Photo Credit: PR, Bigcommerce

Australia-based e-commerce platform Bigcommerce today announced raising $50 million (USD) in Series D funding.

The company will use the funds to invest in product development, grow sales and marketing, and expand its business to new markets.

The financing was led by SoftBank Capital, a venture firm affiliated with SoftBank Corp., and included Telstra Ventures and American Express, as well as existing investors General Catalyst and Revolution Growth.

Steve Murray, a partner at SoftBank Capital, will join the Bigcommerce board. “Bigcommerce’s easy-to-use, cloud-based platform allows businesses of all sizes to rapidly build and deploy full-service e-commerce and m-commerce tools to grow revenues,” said Murray. “We are thrilled to partner with Eddie (Bigcommerce Co-founder) and this outstanding leadership team as the business achieves scale and accelerates its growth both in the US and internationally,” he added.

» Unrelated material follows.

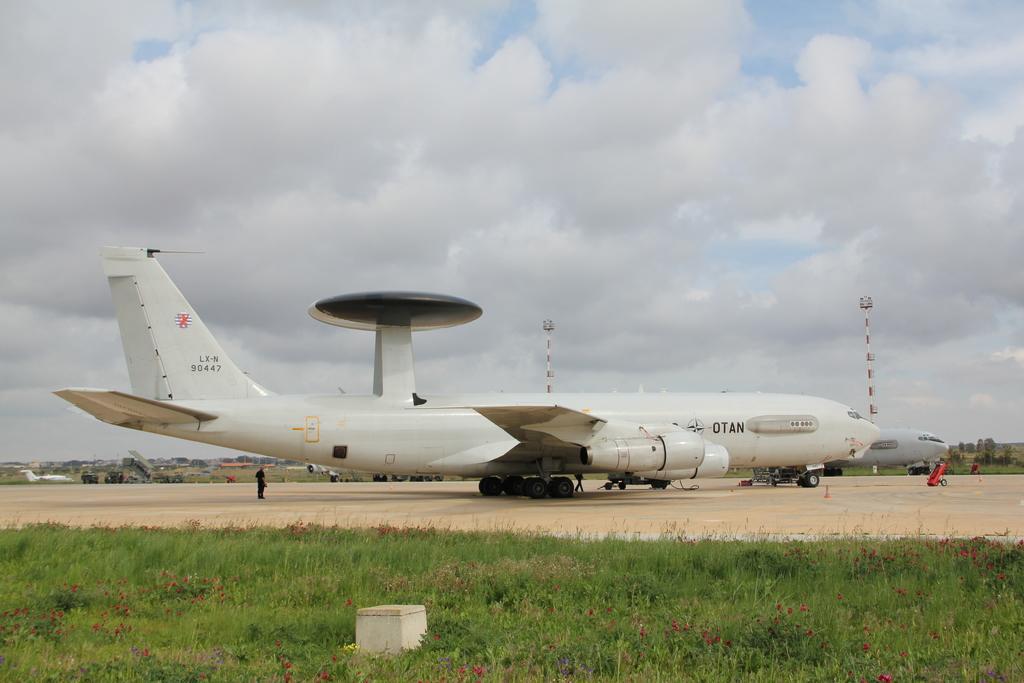In one or two sentences, can you explain what this image depicts? In this image we can see aeroplanes on the ground, and there is a grassy land at the bottom of this image, and there is a cloudy sky at the top of this image.

E-commerce as a segment of the total retail market is growing at 30 per cent per year and is expected to reach US$2 trillion in sales worldwide in 2015, according to a Bigcommerce research. The company has seen significant year-over-year revenue growth and is approaching US$5 billion in total online sales across merchants, shared an official release.

Credit cards investing in eCommerce

“American Express is committed to helping small merchants, and our investment in Bigcommerce is one of the many ways we are working to equip these businesses with resources that can enable them to grow,” said Tyler Vaughey, Vice President, US Small Merchants, American Express.

Bigcommerce recently added new features to the platform, including Bigcommerce Analytics, an enterprise-grade real-time reporting tool; the Single Click App Store, an easy way for merchants to integrate their store with the other software they use to run their business; one-click payments setup, where merchants can set up popular payment options like PayPal and Stripe; and a new theme store, further stated the release.